Second, in practice, social media enables the early discovery of disease infection. The sooner the disease is diagnosed, the easier it is to properly treat and controlled. The CDC is committed to pursuing early detection of diseases. Through social media platforms, we can detect the spread and severity of a disease earlier than search engines and the CDC. When diseases break out, the patient might not be aware of them but could post on Twitter or Weibo. The behavior would be recorded by social media sensors. Based on human behavioral theory, the data possess unique value for detecting disease trends.
Third, social media is adept at tracking more patients than traditional clinic data. Larger infectious populations can be monitored by social media than with clinic data. Influenza-like illnesses (ILI) published by the CDC are measured according to outpatient statistics when fevers are higher than 38 degrees and are accompanied by a cough or sore throat. However, a considerable number of people often choose not to go to the hospital for treatment when they have the flu or might buy medicine from a pharmacy by themselves, which cannot be counted in ILI measurements. Social media can detect these patients, which could result in a larger amount of meaningful data being collected, and thus, these data could lead to more reliable prediction of disease outbreaks.
Fourth, this paper detects disease periods with observably high accuracy, which could directly result in significant differences in treatment and disease control measures. Targeting the disease period precisely helps clinical managers to improve the treatment effect and reduces the prevention cost by rationally allocating resources, such as medical personnel and medicine as well. This paper can not only detect whether the patient has the flu but also classify the flu period, infectious or recovered period, which lays the foundation for predicting future flu trends. It also provides another data source to assist the CDC in managing disease information.

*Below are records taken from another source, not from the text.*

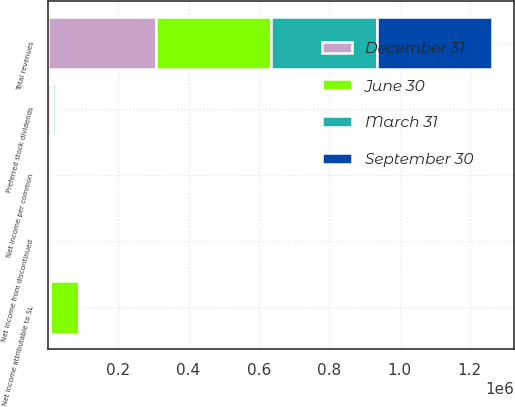Convert chart to OTSL. <chart><loc_0><loc_0><loc_500><loc_500><stacked_bar_chart><ecel><fcel>Total revenues<fcel>Net income from discontinued<fcel>Preferred stock dividends<fcel>Net income attributable to SL<fcel>Net income per common<nl><fcel>September 30<fcel>328877<fcel>1116<fcel>7543<fcel>2808<fcel>0.03<nl><fcel>December 31<fcel>306624<fcel>1116<fcel>7545<fcel>7079<fcel>0.08<nl><fcel>March 31<fcel>298705<fcel>1675<fcel>7545<fcel>1873<fcel>6.26<nl><fcel>June 30<fcel>329222<fcel>1873<fcel>7545<fcel>80887<fcel>1.01<nl></chart> 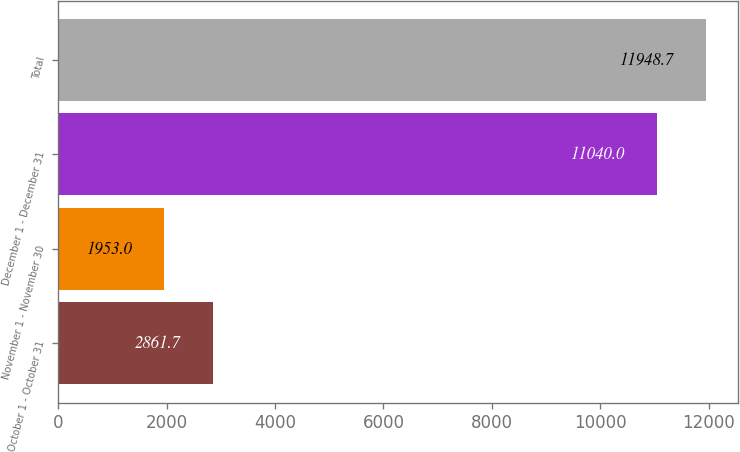Convert chart. <chart><loc_0><loc_0><loc_500><loc_500><bar_chart><fcel>October 1 - October 31<fcel>November 1 - November 30<fcel>December 1 - December 31<fcel>Total<nl><fcel>2861.7<fcel>1953<fcel>11040<fcel>11948.7<nl></chart> 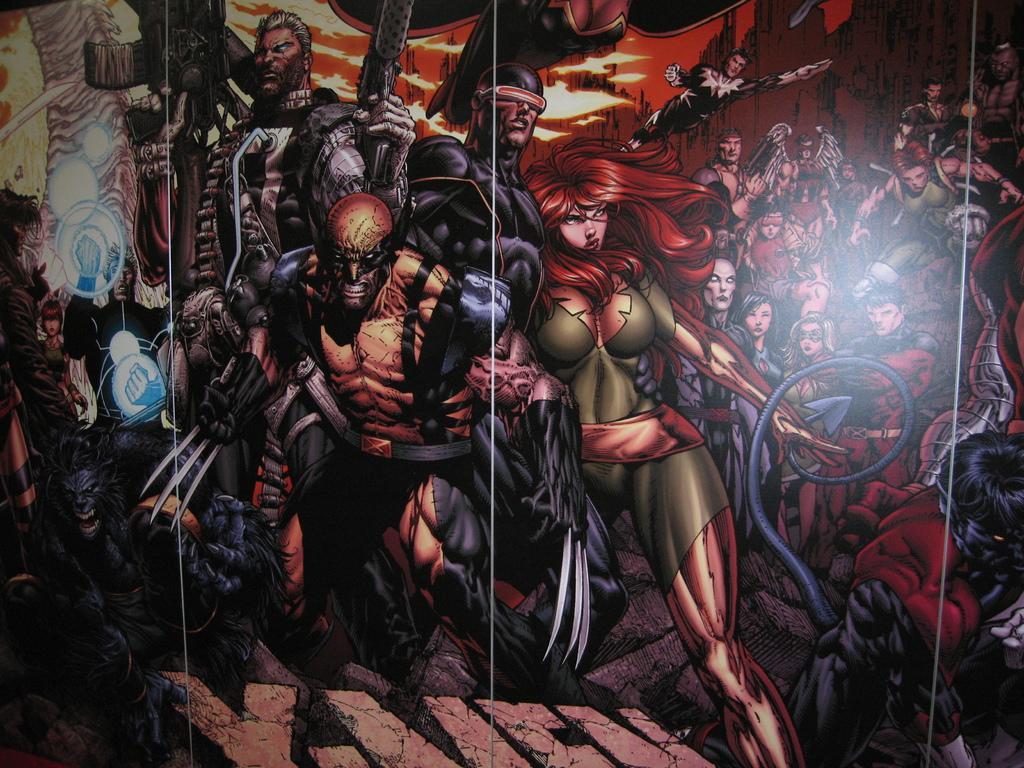In one or two sentences, can you explain what this image depicts? This is a graphical image and I can see few cartoons. 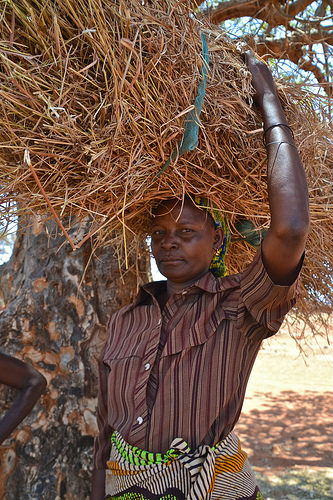<image>
Is there a woman in front of the dried grass? No. The woman is not in front of the dried grass. The spatial positioning shows a different relationship between these objects. Is the grass bundle above the womans arm? Yes. The grass bundle is positioned above the womans arm in the vertical space, higher up in the scene. 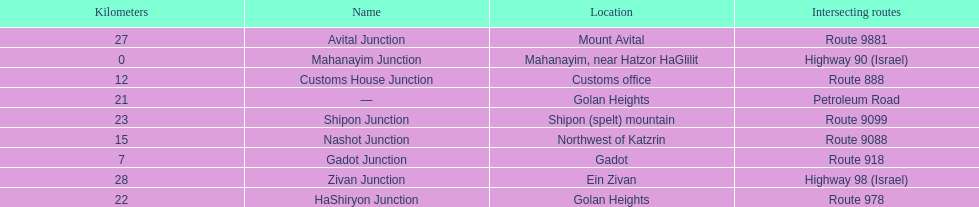Which junction on highway 91 is closer to ein zivan, gadot junction or shipon junction? Gadot Junction. 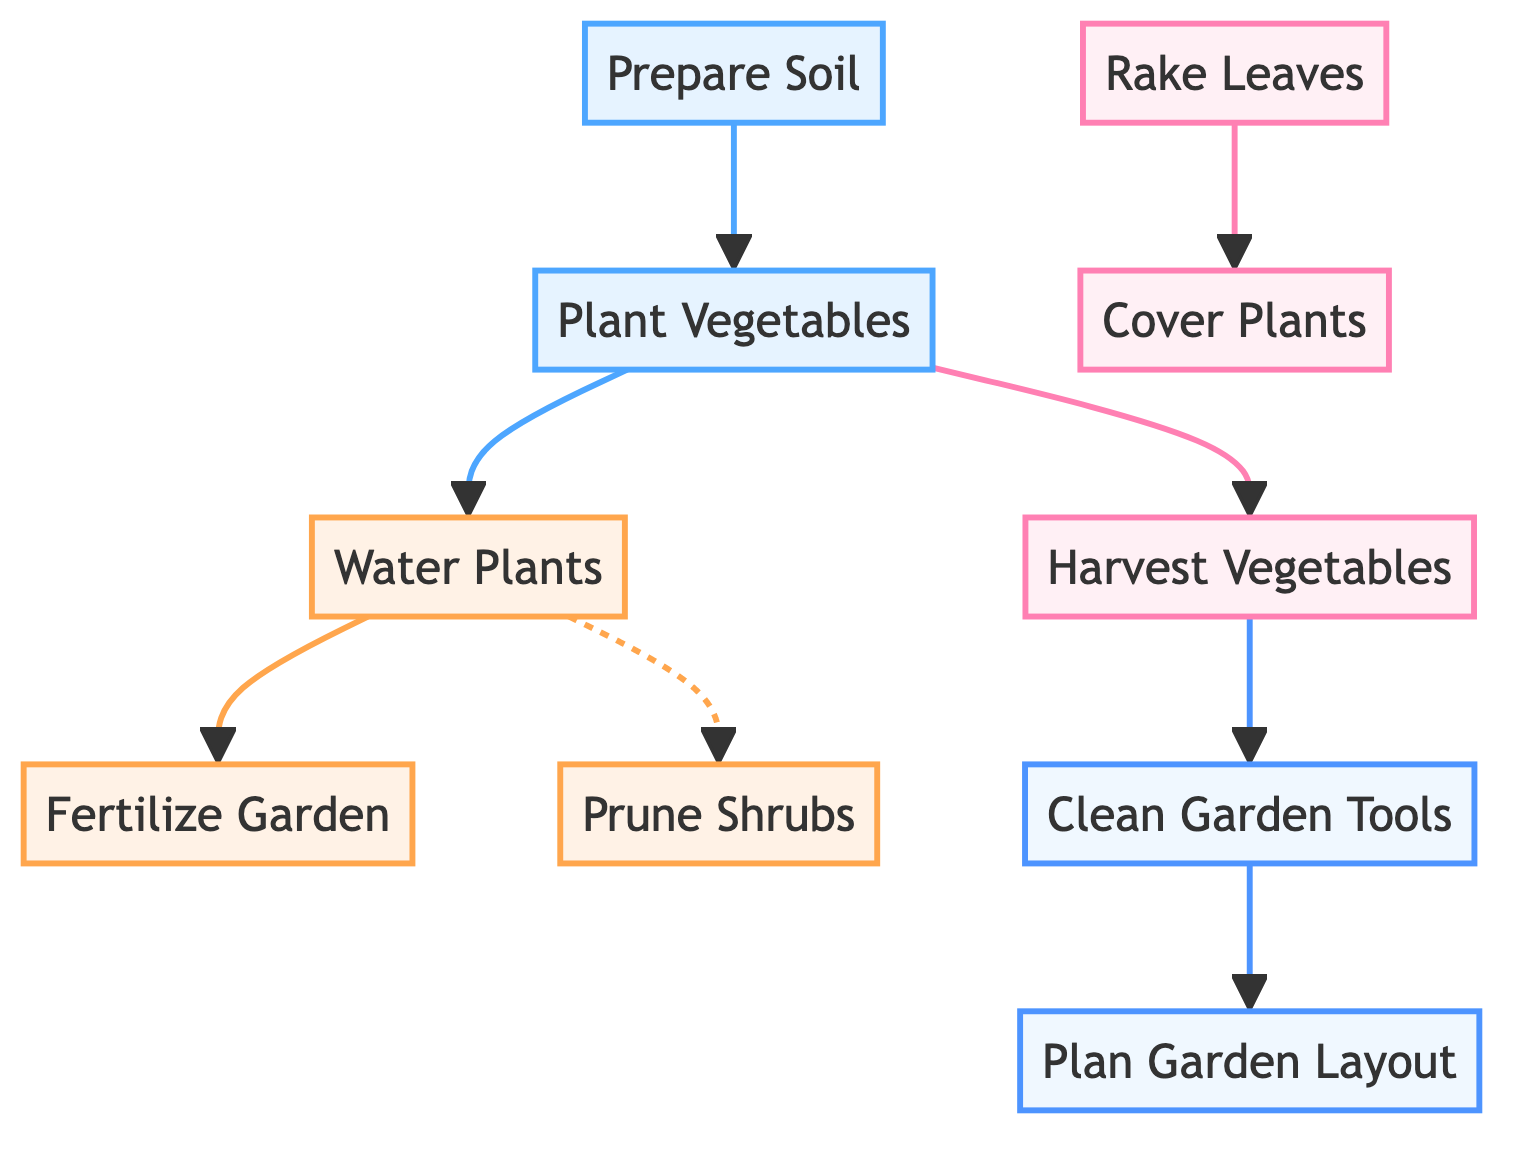What is the first task in the schedule? The diagram starts with the node "Prepare Soil," which indicates it is the first task to be completed in the garden maintenance schedule.
Answer: Prepare Soil How many nodes are in the diagram? Counting all unique tasks represented as nodes, there are 10 distinct nodes in total.
Answer: 10 What task follows "Harvest Vegetables"? According to the edges, after "Harvest Vegetables," the next task to be done is "Clean Garden Tools."
Answer: Clean Garden Tools Which tasks occur in summer? The tasks listed under the summer season include "Water Plants," "Fertilize Garden," and "Prune Shrubs."
Answer: Water Plants, Fertilize Garden, Prune Shrubs What is needed before "Plant Vegetables"? The edge from "Prepare Soil" to "Plant Vegetables" indicates that "Prepare Soil" is a prerequisite that needs to be completed beforehand.
Answer: Prepare Soil Are "Water Plants" and "Prune Shrubs" performed in the same season? Yes, both tasks occur during the summer season as indicated by the diagram.
Answer: Yes What leads to "Clean Garden Tools"? The task "Harvest Vegetables" is the leading task that results in the need to clean the garden tools afterward.
Answer: Harvest Vegetables What is the last task in the diagram? The final task is "Plan Garden Layout," which follows after cleaning the garden tools.
Answer: Plan Garden Layout What is the relationship between "Rake Leaves" and "Cover Plants"? According to the diagram, "Rake Leaves" precedes "Cover Plants," meaning it is done first before covering the plants.
Answer: precedes

Fifth, in terms of theoretical contributions, this paper investigates the relationship between sentiment polarity and the flu period at different word and text levels by combining the word2vector and LSTM methods, thereby carrying out interdisciplinary research in the fields of sentiment analytics and health informatics. In addition, this paper provides an effective solution for artificially labeling a training set. High-accuracy weibo texts can be used to boost the size of the training set, thus saving time and labor costs.
In future work, we need to study a wider range of data since the current data only cover two years, 2016 and 2017. Moreover, this paper compares the trend of official ILI data from the CDC and flu-related data from social media in 2016. We will examine more valuable disease information from social media-based data on a larger scale.